Face to face Meeting
Once we have gathered the answers to these questions and feel confident that the agent could be an experienced HMO agent, we then organise a face to face meeting and ask the agent to take us to a couple of their properties.
This is really important for the following reasons:
Ask to see other room rent examples, so that you can see in the flesh the room rates they are achieving.
We also ask them if they have a check list of items that are needed for a property to be up to HMO standard, this shows that they are organised and that they know what is involved in converting a property to a HMO and that they are aware of the legislations and standards required.
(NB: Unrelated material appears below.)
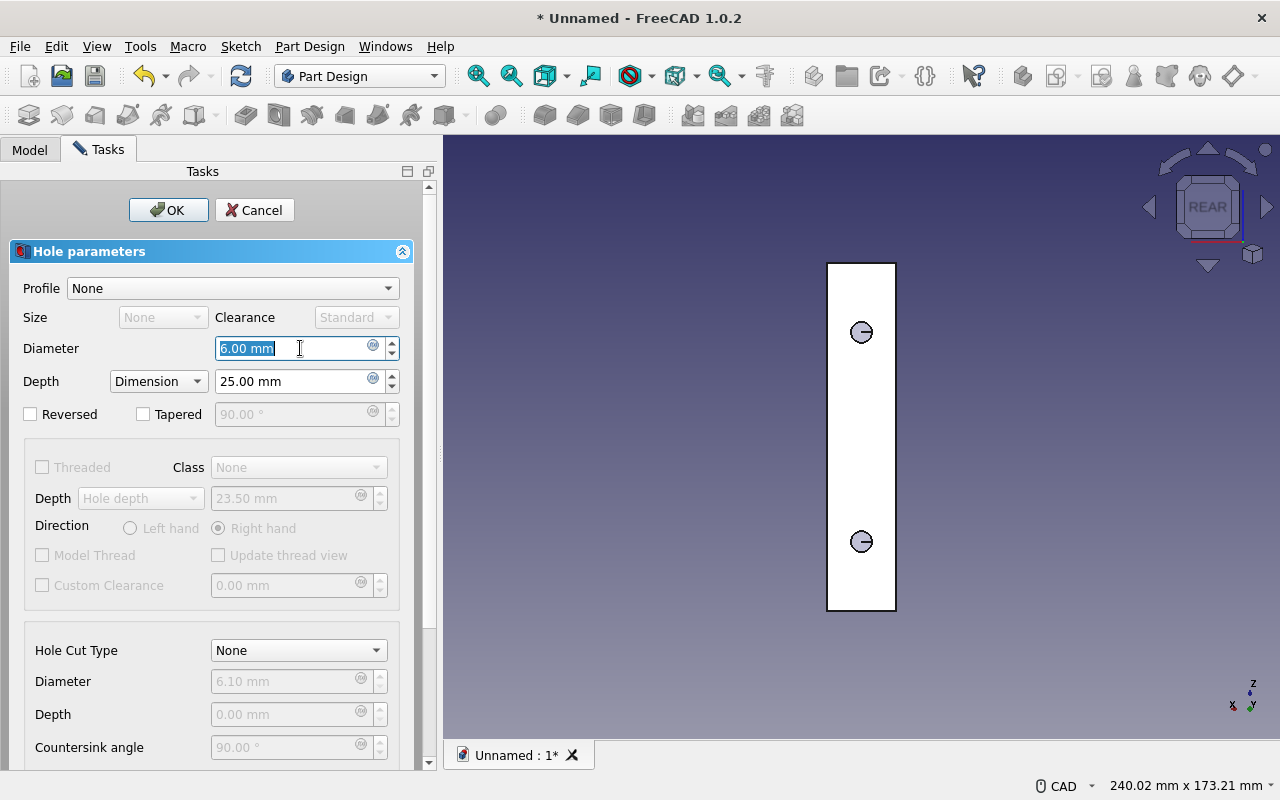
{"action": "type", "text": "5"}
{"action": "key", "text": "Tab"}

This list also acts as a check list of items that are needed to be purchased, once they have the keys and demonstrates that they are organised and experienced.
Ask what their procedure is for purchasing items needed for their client’s properties, for example do they buy anything needed and agreed with us and then bill us and provide receipts for the purchases? This proves that they are financially stable and that we are not constantly having to make payments upfront for items/works needed. We also like to set expectations in saying that anything over a value of £50 has to be agreed by Inspired Equity, before the purchase is made, this stops them coming to us for everything, however allows us to keep on top of spend.
Once we have seen a property we are serious about purchasing, we engage with the agent to see if one of their build team/handy men can come along with us on a viewing. This is great, as it proves to the agent you are serious and want to engage with them further.
On the viewing, we ask the tradesman’s opinion on the room sizes/what can be done with the property, to gauge their experience in the legislations and what is involved with converting the property to exceed HMO standards.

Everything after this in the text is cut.